Records contained in a dataset
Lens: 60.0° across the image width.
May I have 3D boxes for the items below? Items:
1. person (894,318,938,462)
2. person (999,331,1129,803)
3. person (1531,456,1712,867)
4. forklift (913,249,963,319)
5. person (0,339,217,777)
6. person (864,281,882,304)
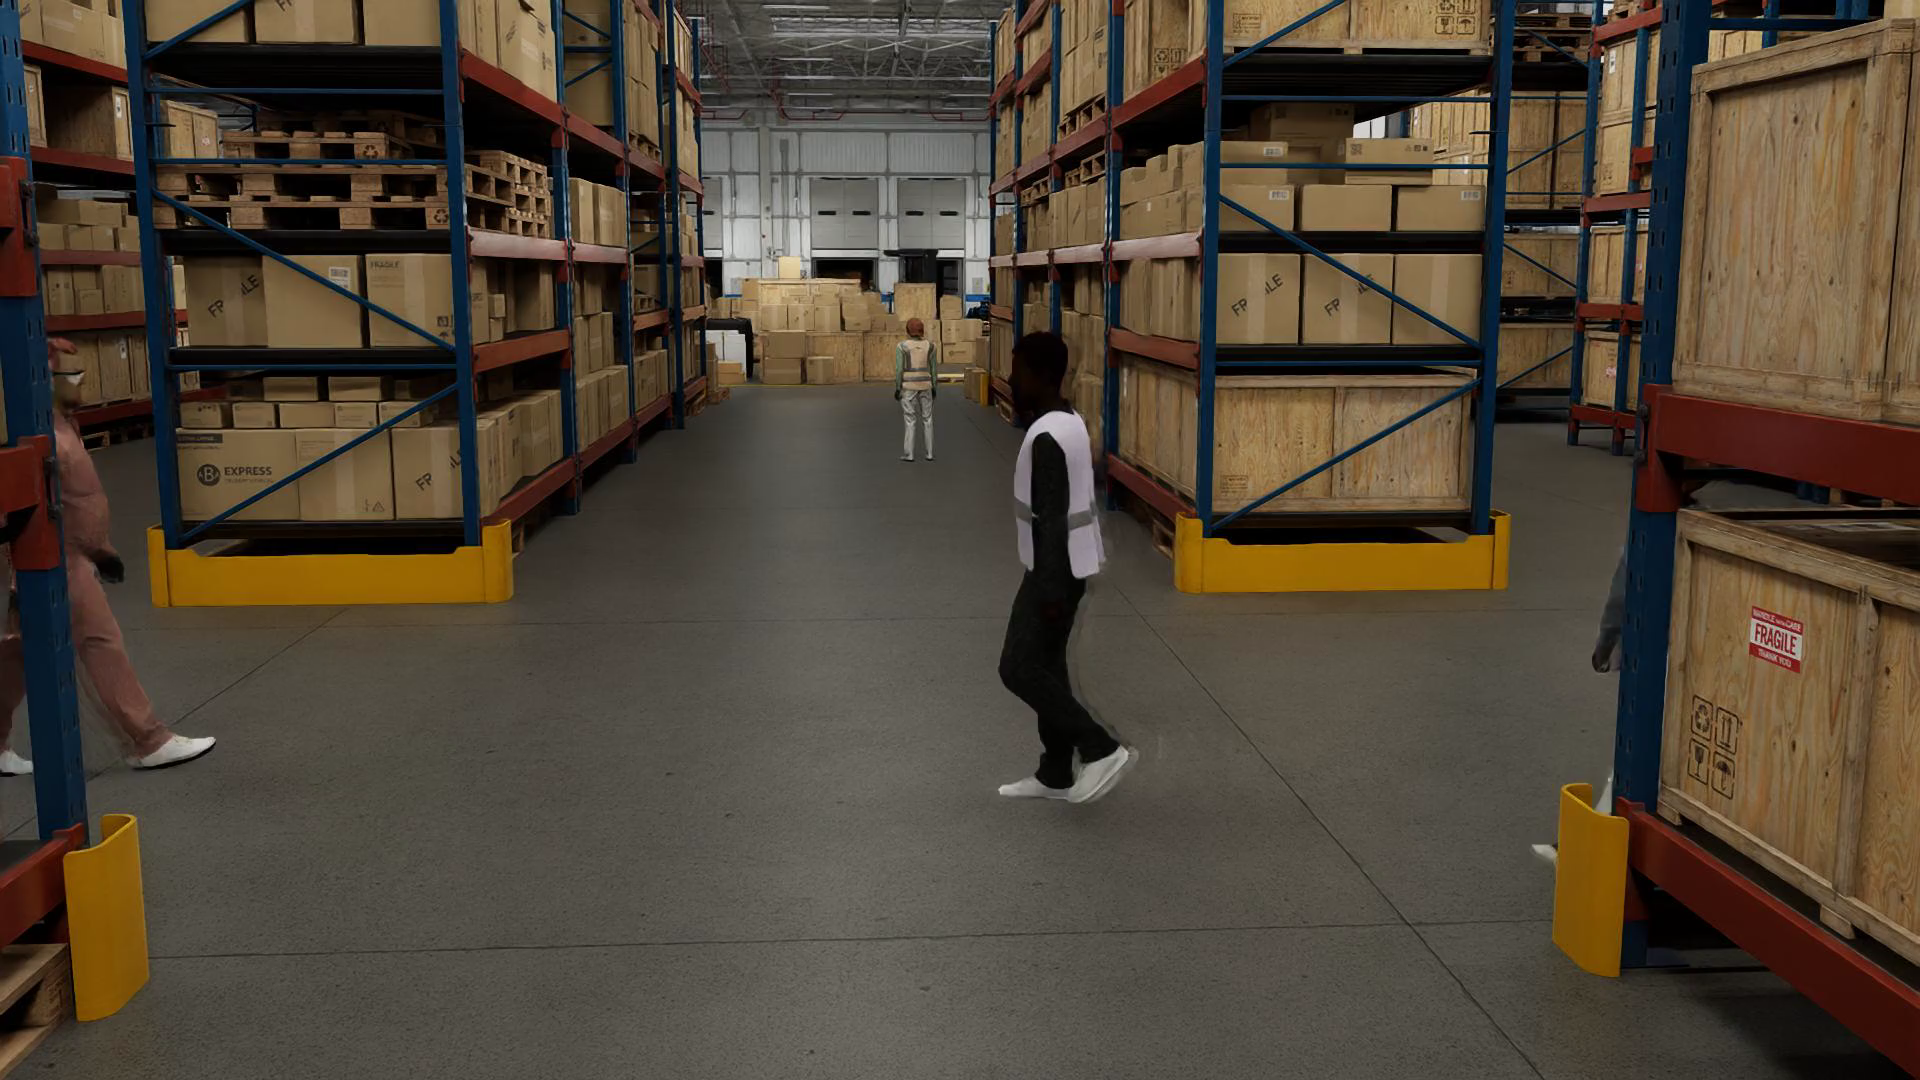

• _Required action_
An exact copy of the entries, minus the pictures, is what to return.

• _Answer to this task_
Lens: 60.0° across the image width.
May I have 3D boxes for the items below? Items:
1. person (894,318,938,462)
2. person (999,331,1129,803)
3. person (1531,456,1712,867)
4. forklift (913,249,963,319)
5. person (0,339,217,777)
6. person (864,281,882,304)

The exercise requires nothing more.